-- Problem statement --
Leave the pictures out, and transcribe the material below exactly from the line with "<chart> <loc_0><loc_0><loc_500><loc_500><bar_chart><fcel>Cost of" to the line with "What is the", both lines included.

-- Material for this exercise --
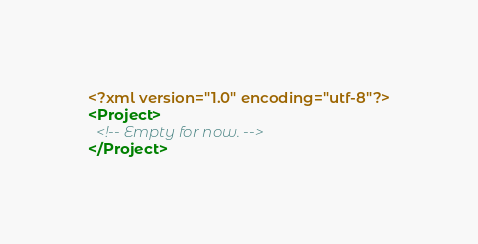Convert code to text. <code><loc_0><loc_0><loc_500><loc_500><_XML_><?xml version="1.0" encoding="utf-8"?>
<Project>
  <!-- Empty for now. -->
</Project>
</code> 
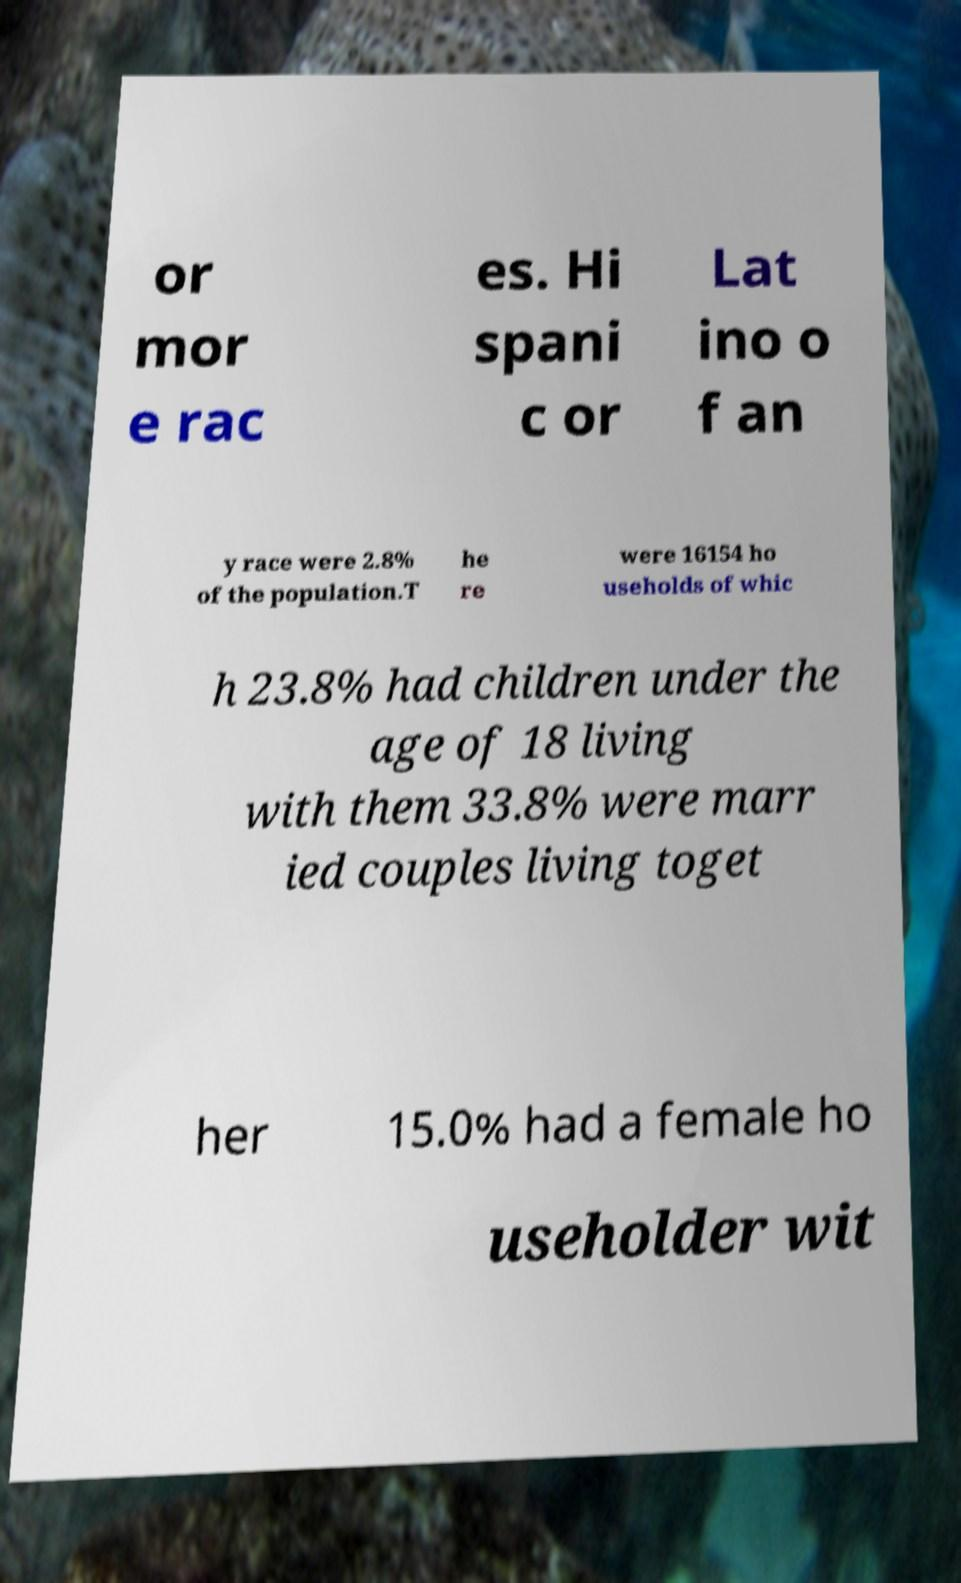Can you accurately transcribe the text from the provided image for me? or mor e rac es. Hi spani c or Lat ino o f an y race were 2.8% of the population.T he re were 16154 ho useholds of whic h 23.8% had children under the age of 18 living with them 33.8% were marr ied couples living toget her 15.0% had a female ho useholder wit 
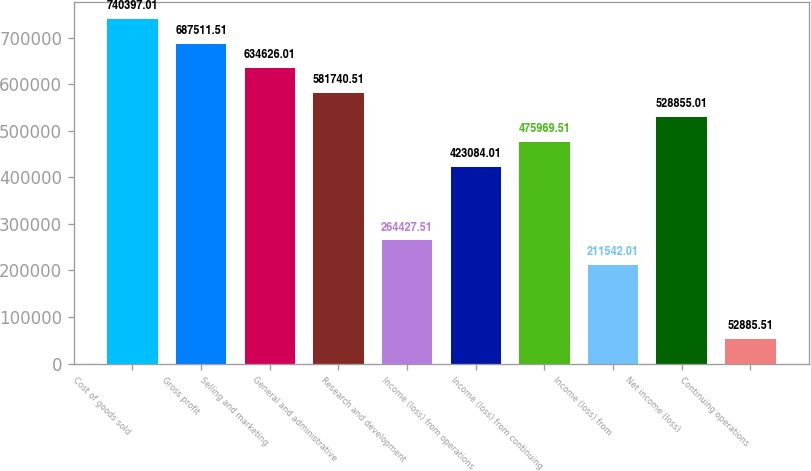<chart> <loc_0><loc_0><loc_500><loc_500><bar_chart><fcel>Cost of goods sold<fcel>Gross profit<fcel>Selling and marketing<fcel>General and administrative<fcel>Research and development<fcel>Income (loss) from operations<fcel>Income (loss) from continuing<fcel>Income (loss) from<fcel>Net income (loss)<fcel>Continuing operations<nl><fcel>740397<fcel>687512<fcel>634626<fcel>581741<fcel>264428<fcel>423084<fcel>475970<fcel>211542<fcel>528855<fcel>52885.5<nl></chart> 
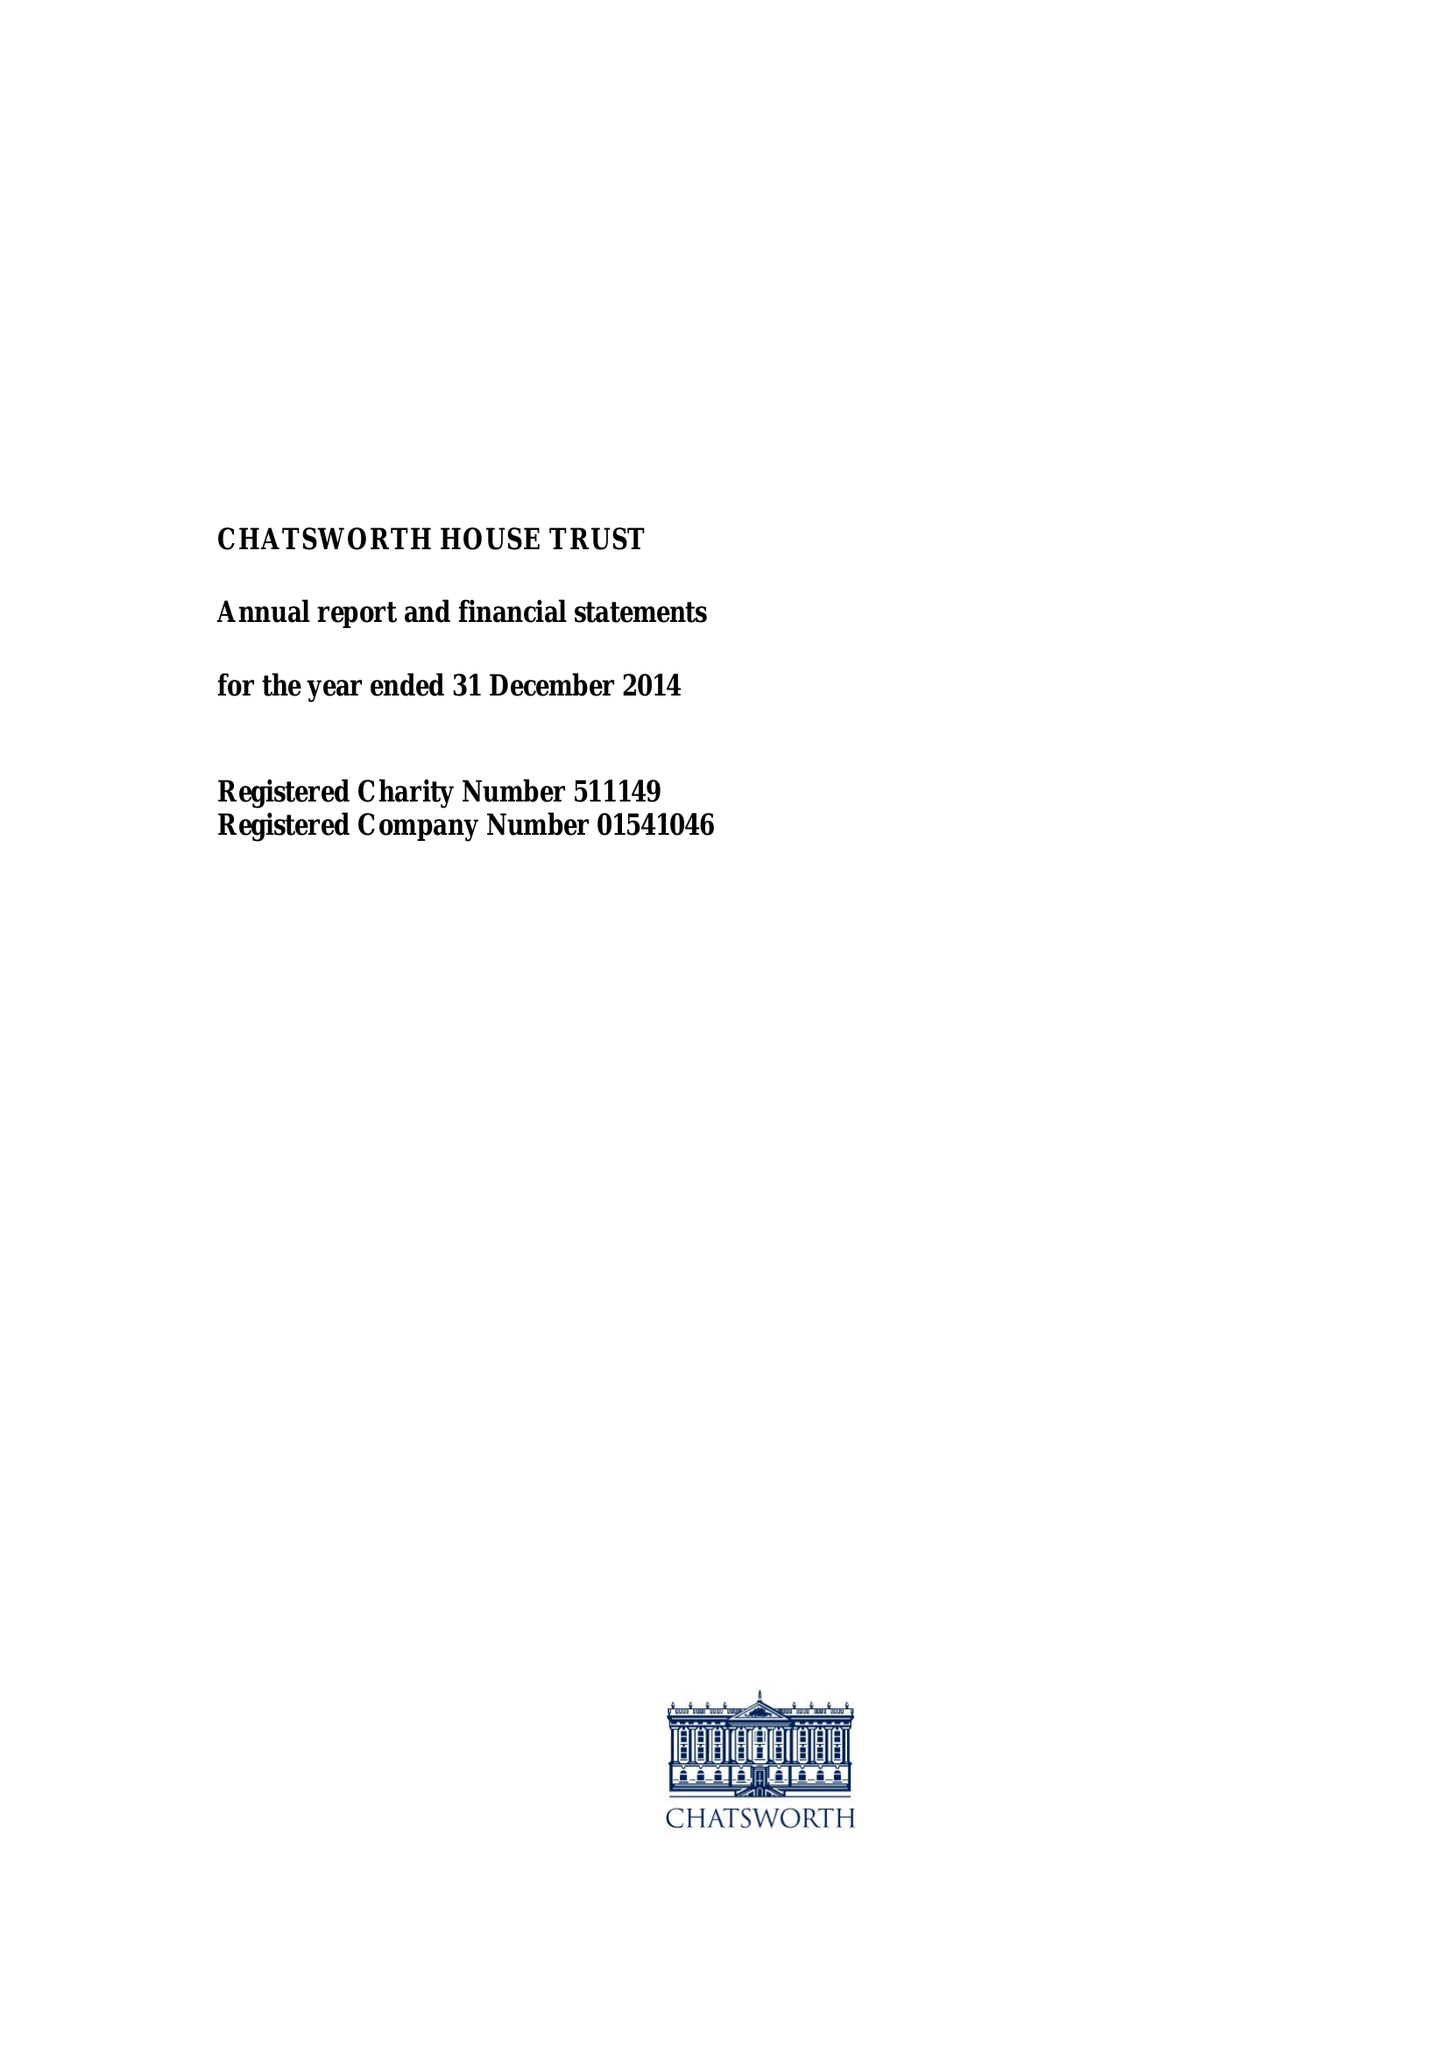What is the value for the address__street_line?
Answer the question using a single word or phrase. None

---

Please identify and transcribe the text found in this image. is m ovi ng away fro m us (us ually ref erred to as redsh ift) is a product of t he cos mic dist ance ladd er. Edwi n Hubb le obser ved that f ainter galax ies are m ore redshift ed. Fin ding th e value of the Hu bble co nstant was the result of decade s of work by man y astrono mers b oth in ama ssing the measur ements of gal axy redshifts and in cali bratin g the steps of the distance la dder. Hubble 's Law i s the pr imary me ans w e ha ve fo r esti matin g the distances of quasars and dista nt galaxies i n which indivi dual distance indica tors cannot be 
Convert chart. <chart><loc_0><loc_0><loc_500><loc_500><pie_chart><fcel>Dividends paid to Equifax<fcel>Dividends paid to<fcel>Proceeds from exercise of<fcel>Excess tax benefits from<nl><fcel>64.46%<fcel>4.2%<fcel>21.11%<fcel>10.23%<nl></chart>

-- Exercise answer --
<chart> <loc_0><loc_0><loc_500><loc_500><bar_chart><fcel>Cost of goods sold<fcel>Gross profit<fcel>Selling and marketing<fcel>General and administrative<fcel>Research and development<fcel>Income (loss) from operations<fcel>Income (loss) from continuing<fcel>Income (loss) from<fcel>Net income (loss)<fcel>Continuing operations<nl><fcel>740397<fcel>687512<fcel>634626<fcel>581741<fcel>264428<fcel>423084<fcel>475970<fcel>211542<fcel>528855<fcel>52885.5<nl></chart> 
What is the value for the address__street_line?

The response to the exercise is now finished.